Ramanan Krishnamoorti, a professor of chemical and biomolecular engineering at the University of Houston, studied under Graessley at Princeton and remembers him as "an amazing mentor, gently guiding me to being a better person."

"The scientific work that he exemplified, and many of us as his students learned, was that the simplest physically elegant models were usually the best to understand complex phenomena," said Krishnamoorti, who also serves as chief energy officer and the interim vice chancellor for research and technology transfer at the University of Houston.

During his career, Graessley moved between industry and academia, holding faculty appointments at Northwestern University and Princeton as well as a research position at Exxon. He specialized in two areas of polymer research. The first involved how the entanglement of polymers at the molecular level, like spaghetti in a bowl, affects the flow of liquid polymer. Unlocking the mechanisms of polymer flow is important not only for better understanding the material, but for manufacturing processes that rely on working with polymers.

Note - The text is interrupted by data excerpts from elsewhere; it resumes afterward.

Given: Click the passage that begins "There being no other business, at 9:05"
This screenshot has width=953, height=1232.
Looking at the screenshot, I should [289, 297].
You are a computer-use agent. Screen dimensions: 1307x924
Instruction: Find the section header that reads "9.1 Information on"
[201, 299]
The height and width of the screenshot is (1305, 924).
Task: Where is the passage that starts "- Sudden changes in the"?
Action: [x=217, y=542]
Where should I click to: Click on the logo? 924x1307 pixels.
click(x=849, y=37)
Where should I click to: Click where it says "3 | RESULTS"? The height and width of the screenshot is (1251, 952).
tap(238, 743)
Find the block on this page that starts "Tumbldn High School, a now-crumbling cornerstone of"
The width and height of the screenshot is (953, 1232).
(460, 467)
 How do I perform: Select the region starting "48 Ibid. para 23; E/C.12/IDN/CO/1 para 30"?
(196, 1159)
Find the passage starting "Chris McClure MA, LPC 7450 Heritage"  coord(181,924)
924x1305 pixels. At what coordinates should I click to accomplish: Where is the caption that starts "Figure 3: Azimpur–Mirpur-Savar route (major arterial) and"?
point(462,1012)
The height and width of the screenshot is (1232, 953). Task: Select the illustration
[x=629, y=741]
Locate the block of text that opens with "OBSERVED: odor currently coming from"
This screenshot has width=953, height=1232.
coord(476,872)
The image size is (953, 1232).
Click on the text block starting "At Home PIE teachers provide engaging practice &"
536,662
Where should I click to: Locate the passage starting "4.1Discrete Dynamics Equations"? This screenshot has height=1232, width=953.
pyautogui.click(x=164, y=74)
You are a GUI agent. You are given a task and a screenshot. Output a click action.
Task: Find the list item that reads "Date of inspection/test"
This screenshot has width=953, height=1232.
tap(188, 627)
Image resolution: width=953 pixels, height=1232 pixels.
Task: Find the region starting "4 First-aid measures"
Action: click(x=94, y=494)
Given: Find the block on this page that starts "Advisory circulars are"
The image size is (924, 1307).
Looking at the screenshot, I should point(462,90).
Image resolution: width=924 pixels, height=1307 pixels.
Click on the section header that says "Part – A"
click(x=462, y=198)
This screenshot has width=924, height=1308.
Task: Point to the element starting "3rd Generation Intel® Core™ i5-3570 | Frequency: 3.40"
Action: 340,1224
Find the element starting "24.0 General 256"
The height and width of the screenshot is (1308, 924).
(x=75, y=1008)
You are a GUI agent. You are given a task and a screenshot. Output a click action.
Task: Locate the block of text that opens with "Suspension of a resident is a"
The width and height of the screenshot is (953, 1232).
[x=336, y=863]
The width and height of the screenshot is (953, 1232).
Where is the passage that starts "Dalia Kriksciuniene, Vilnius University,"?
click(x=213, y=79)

The entanglement can make understanding the details of polymers flow, which is important for manufacturing, much more difficult, said Register, who co-taught an undergraduate polymer class with Graessley during his time at Princeton. "Quantitatively understanding this was a key part of Bill's research."

Later in his career, Graessley began to research the mixing of polyolefins, the type of polymer used to make plastic bags and pipes frequently used in plumbing.  Because polyolefins resist mixing, better understanding their behavior could allow for improvements in materials processing and recycling. 

"They are the largest volume polymers and, as a result, are the largest components of the waste stream," Register said. 

Scott Wasserman, an associate R&D director at Dow Chemical and one of Graessley's former students, said that for 25 years he has applied the lessons he learned under Graessley. 

"The greatest lesson was to see things on a molecular level and to appreciate the critical need to picture not only single reference molecules in complex systems, but to allow for the surrounding molecules to be moving as well," he said.

Wasserman said that his father worked as a laboratory technician at Exxon and was a contemporary of Graessley at the company. He recalled that his father and his co-workers encouraged him to study under Graessley because of his reputation as a researcher at Exxon. "Shortly after I joined Professor Graessley's research group at Princeton, my father was there to visit," Wasserman said. "I will never forget Professor Graessley graciously inviting us into his office to sit down and chat for a while. Twenty-seven years later I remember it as if it was yesterday."

Graessley was born on Sept. 10, 1933, in Muskegon, Michigan. He graduated from the University of Michigan with bachelor's degrees in chemistry and chemical engineering in 1956 and received his doctorate from the university in chemical engineering in 1960. After working as a senior chemist for the Air Reduction Co., he became a professor of both chemical engineering and of materials science at Northwestern University. After 19 years at Northwestern, Graessley returned to private industry to work as a senior scientific adviser at Exxon Corporate Research Laboratories. He joined the Princeton faculty as a professor of chemical engineering in 1987. Among many honors, Graessley was a member of the National Academy of Engineering and he received the Bingham Medal from the Society of Rheology and the Polymer Physics Prize from the American Physical Society.

William Schowalter, the Class of 1950 Professor of Engineering and Applied Science, Emeritus, and a colleague, described Graessley as a careful researcher who merged insights gained from his time in industry and academia. He said Graessley had left Northwestern at a time when Exxon was building a leading research lab in New Jersey and offered opportunities not typically available at universities.

"He was a better researcher because of his time at Exxon and at Northwestern," Schowalter said. Personally, he said, Graessley was a private man and a dedicated scholar. "He was a wonderful colleague."